▶ _HOW TO COMPLETE THIS TASK_
What lines of the material hold the string "dataLayer"? Pull each of them out.

▶ _LISTED RECORDS_
BEGIN
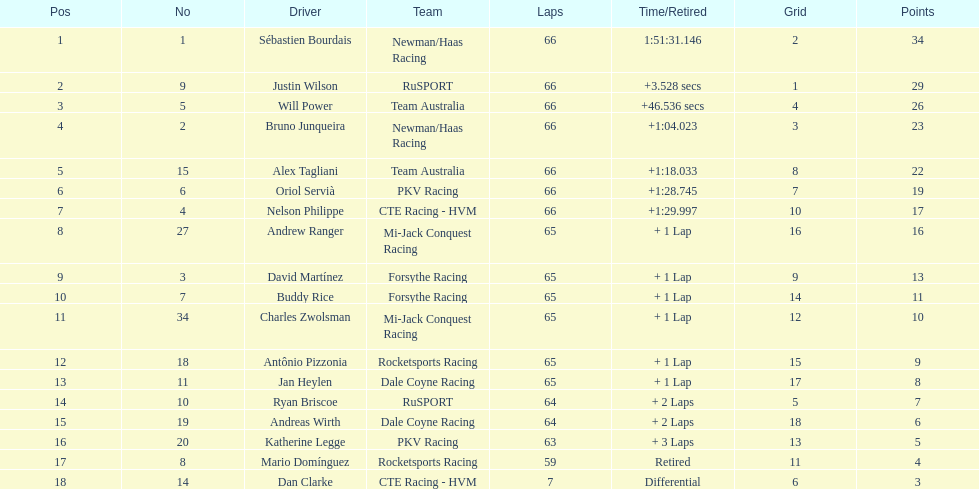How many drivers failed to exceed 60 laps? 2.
END
BEGIN
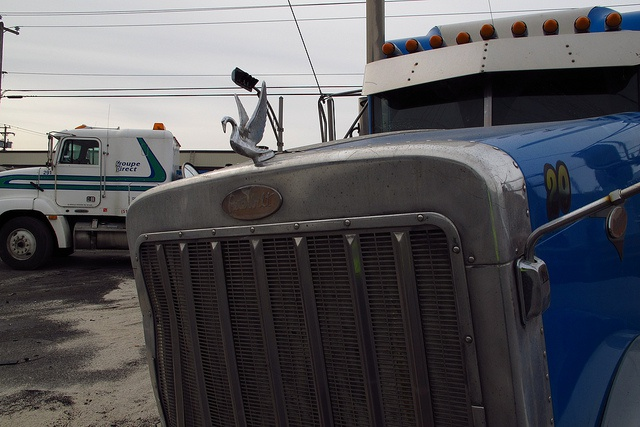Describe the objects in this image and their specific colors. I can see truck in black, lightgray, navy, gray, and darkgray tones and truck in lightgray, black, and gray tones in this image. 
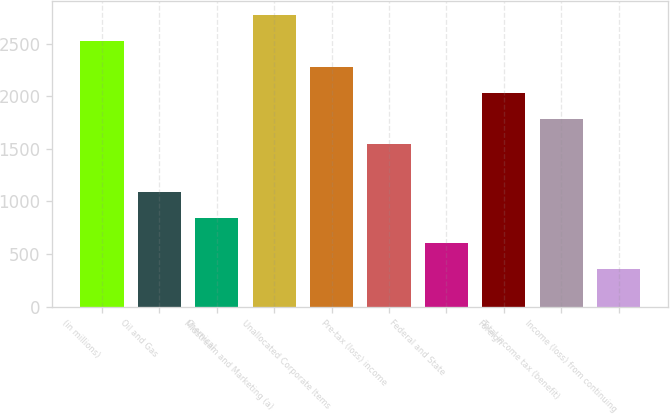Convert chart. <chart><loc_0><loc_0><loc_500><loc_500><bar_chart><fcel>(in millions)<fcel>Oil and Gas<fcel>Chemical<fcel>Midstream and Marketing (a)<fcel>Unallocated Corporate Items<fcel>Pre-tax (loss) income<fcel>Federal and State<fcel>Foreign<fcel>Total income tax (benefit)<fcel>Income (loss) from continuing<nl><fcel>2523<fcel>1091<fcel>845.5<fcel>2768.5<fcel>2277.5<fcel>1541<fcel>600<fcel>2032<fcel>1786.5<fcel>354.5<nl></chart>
END
BEGIN
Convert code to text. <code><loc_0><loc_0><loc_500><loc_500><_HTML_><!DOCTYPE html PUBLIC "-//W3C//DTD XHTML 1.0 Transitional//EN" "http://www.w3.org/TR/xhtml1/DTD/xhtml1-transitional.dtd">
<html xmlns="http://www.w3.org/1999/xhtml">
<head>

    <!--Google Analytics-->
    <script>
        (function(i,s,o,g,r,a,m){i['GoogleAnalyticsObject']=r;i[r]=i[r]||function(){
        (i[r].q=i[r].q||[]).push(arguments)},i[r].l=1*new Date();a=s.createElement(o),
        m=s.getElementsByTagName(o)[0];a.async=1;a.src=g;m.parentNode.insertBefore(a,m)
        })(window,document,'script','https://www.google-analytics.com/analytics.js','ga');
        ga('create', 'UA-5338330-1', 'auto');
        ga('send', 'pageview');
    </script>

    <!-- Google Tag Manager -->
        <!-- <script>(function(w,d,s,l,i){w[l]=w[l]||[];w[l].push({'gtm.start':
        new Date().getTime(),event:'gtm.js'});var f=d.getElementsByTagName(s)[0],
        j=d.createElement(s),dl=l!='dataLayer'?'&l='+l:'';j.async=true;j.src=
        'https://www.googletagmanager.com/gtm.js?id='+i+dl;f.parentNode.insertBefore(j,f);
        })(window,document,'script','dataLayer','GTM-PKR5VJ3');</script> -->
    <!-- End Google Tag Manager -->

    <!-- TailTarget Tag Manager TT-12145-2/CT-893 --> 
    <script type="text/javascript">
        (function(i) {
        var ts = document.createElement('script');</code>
END
▶ _YOUR RESPONSE_
        j=d.createElement(s),dl=l!='dataLayer'?'&l='+l:'';j.async=true;j.src=
        })(window,document,'script','dataLayer','GTM-PKR5VJ3');</script> -->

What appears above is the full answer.